Another Fruitful Reddit Question on Youtube
This one was "What did you think was cool but turned out to be horrible when you tried it?"
     One of the earlier answers was an activity that Conrad is quite happy to never, ever undertake himself: caving.  Or spelunking, as I think our South Canadian cousins call it.  Art?
10 True Horror Stories Of People Trapped In Caves - Listverse
Nope.  
     If anyone had been potentially interested, they would have been unpleasantly educated.  Our poster said that you are knee deep in bat guano, then face down thanks to low ceilings, in dirty, smelly water, getting scampered over by miscellaneous vermin, IN THE DARK, with potentially lethal drops coming at any point, and it's cold, too.

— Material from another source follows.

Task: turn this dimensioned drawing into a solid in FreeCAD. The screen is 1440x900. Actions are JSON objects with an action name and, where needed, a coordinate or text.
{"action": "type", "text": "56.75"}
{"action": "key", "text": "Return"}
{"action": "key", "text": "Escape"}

Cave Diver Risks All To Explore Places 'Where Nobody Has Ever Been ...
Cave diving: Nope squared
     Conrad has been to Whitescar Caves in Yorkshire a couple of times, back when Darling Daughter was young and wanted to venture there, and they are very people-friendly, all walkways and handrails and safety barriers, and the worst of it is having to bend down at points.  If they were an unexplored subterranean system, can you really see a 6'1" individual massing 200 lbs (with a big head) contorting himself into knots in complete darkness?  Nope cubed.

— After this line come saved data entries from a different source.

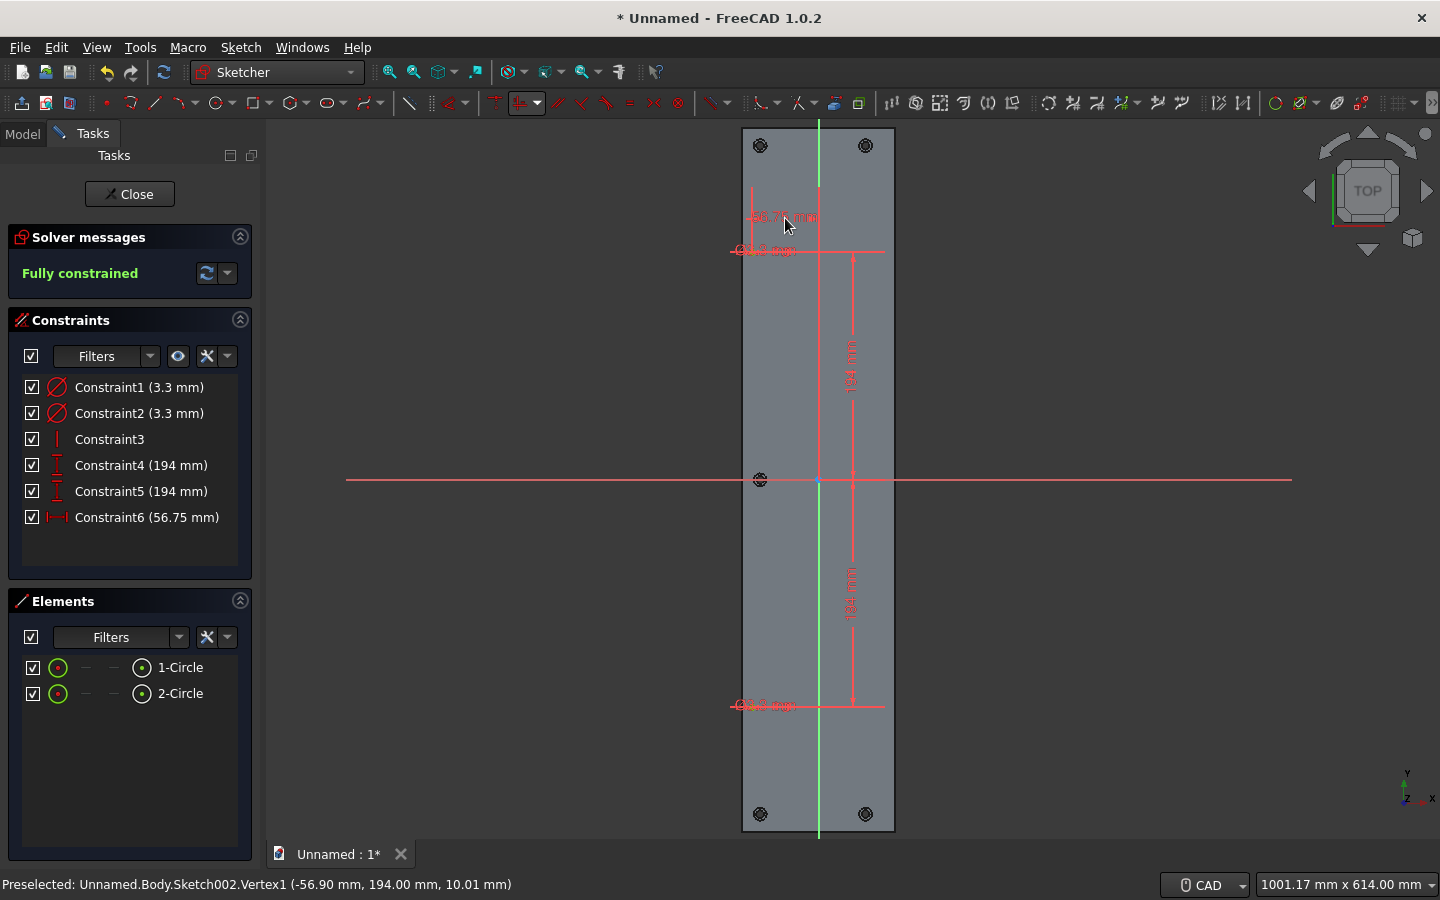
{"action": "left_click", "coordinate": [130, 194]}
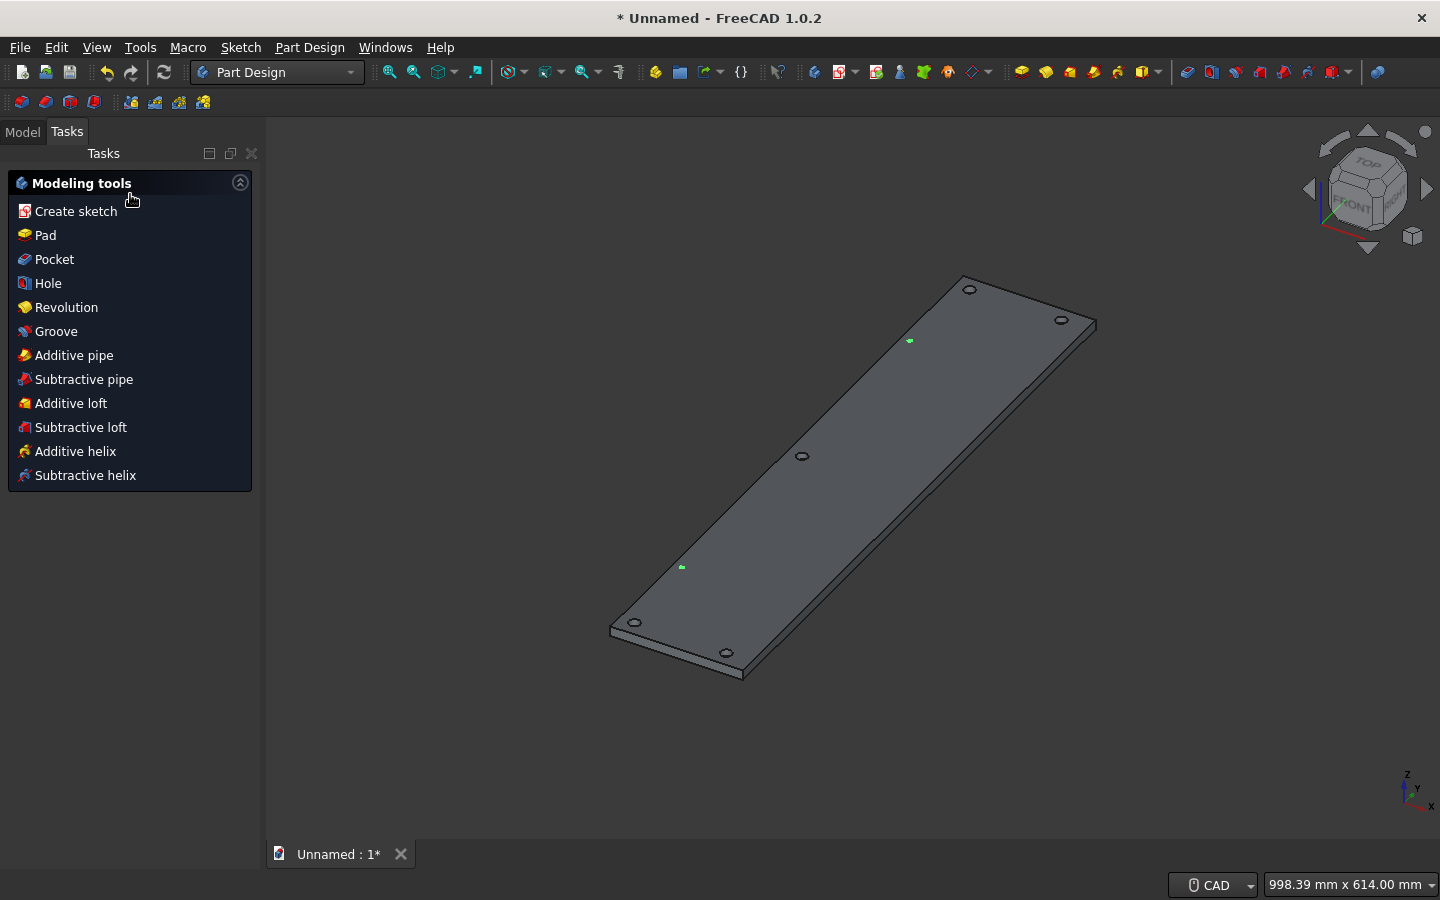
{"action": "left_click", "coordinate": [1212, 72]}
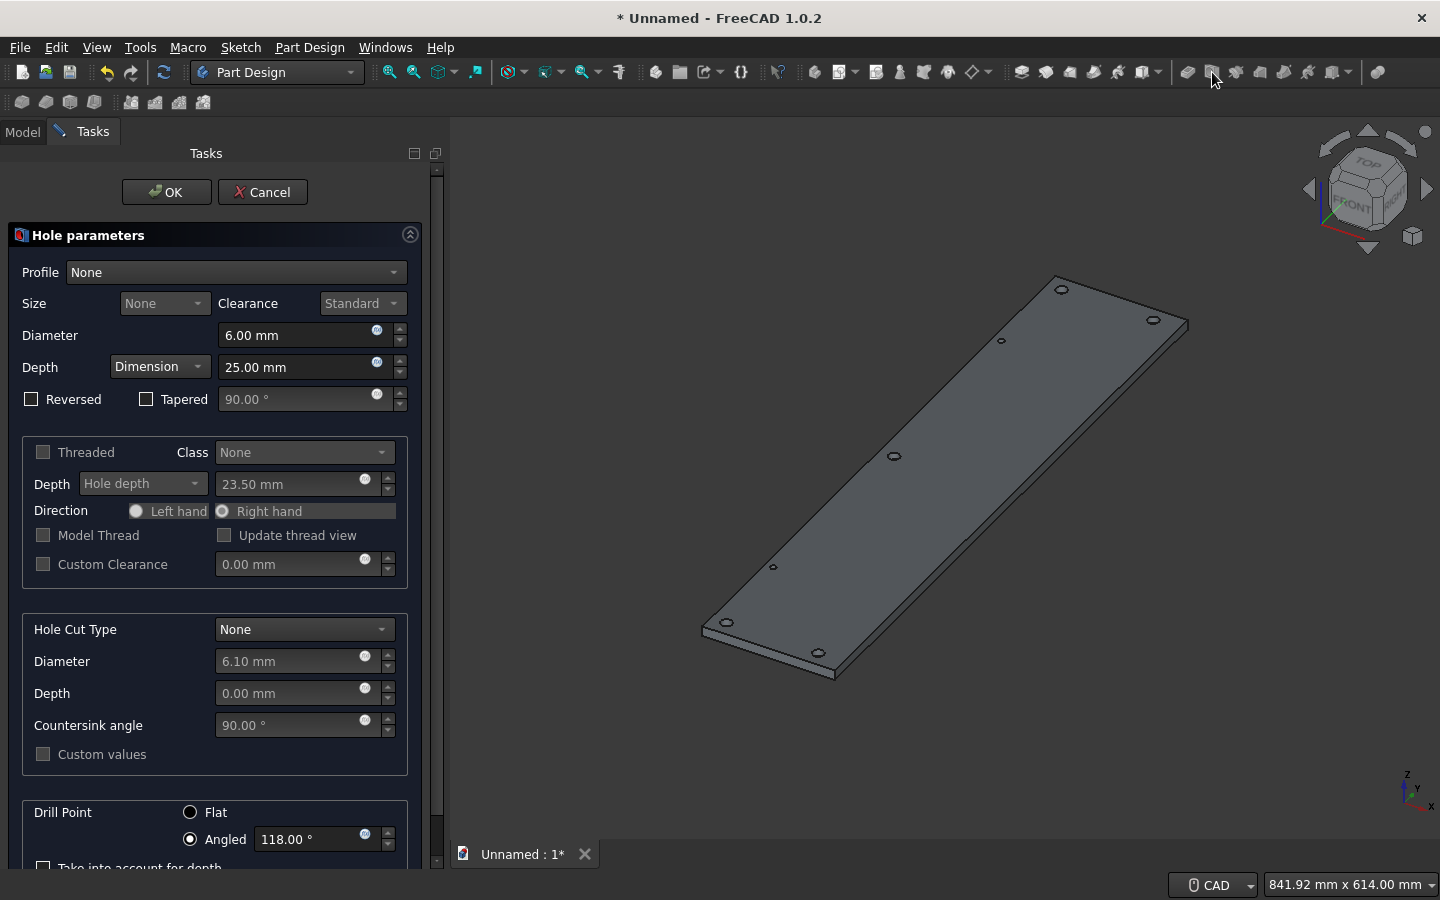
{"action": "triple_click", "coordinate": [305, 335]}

Nutty Putty: 'We're going to get you out' - The Salt Lake Tribune
Nutty Putty Cave - now sealed with, and because of, the dead caver inside.
Nope to the tenth power.
Finally -
Conrad was initially rather amused by this news item, before reconsidering as Darling Daughter and Tom, The Quiet One, are avid LARP fans and now that the weather is improving and an end to lockdown in sight (if you have a Schmidt 8" reflector, anyway) they may well be planning some hack-and-slash event in a muddy field.  Art?
Knight 2
    Ah, they're all smiles now ...  Our hero was walking around in public to get used to the weight of his new armour, whilst carrying a toy sword, getting in shape for his next LARP event, for nobody likes a pudgy nerd.  Or is it a nerdy pudge?  Anyway, armed police were summoned, and ended up having a jolly good laugh; perhaps at Lennon, rather than with him. Anyway, everyone went home happy and whole and alive.  As Lennon joked, a tad tastelessly, if this had been in South Canada ...

Pushing up daisies | S. O. | Flickr
Yes, well - good point, actually.


     And with that we are O! so very done.  Done, I tell you!

*  Scottish dialect for "completely up the spout"
**  Conrad is guessing at unhealthy early Seventies cuisine.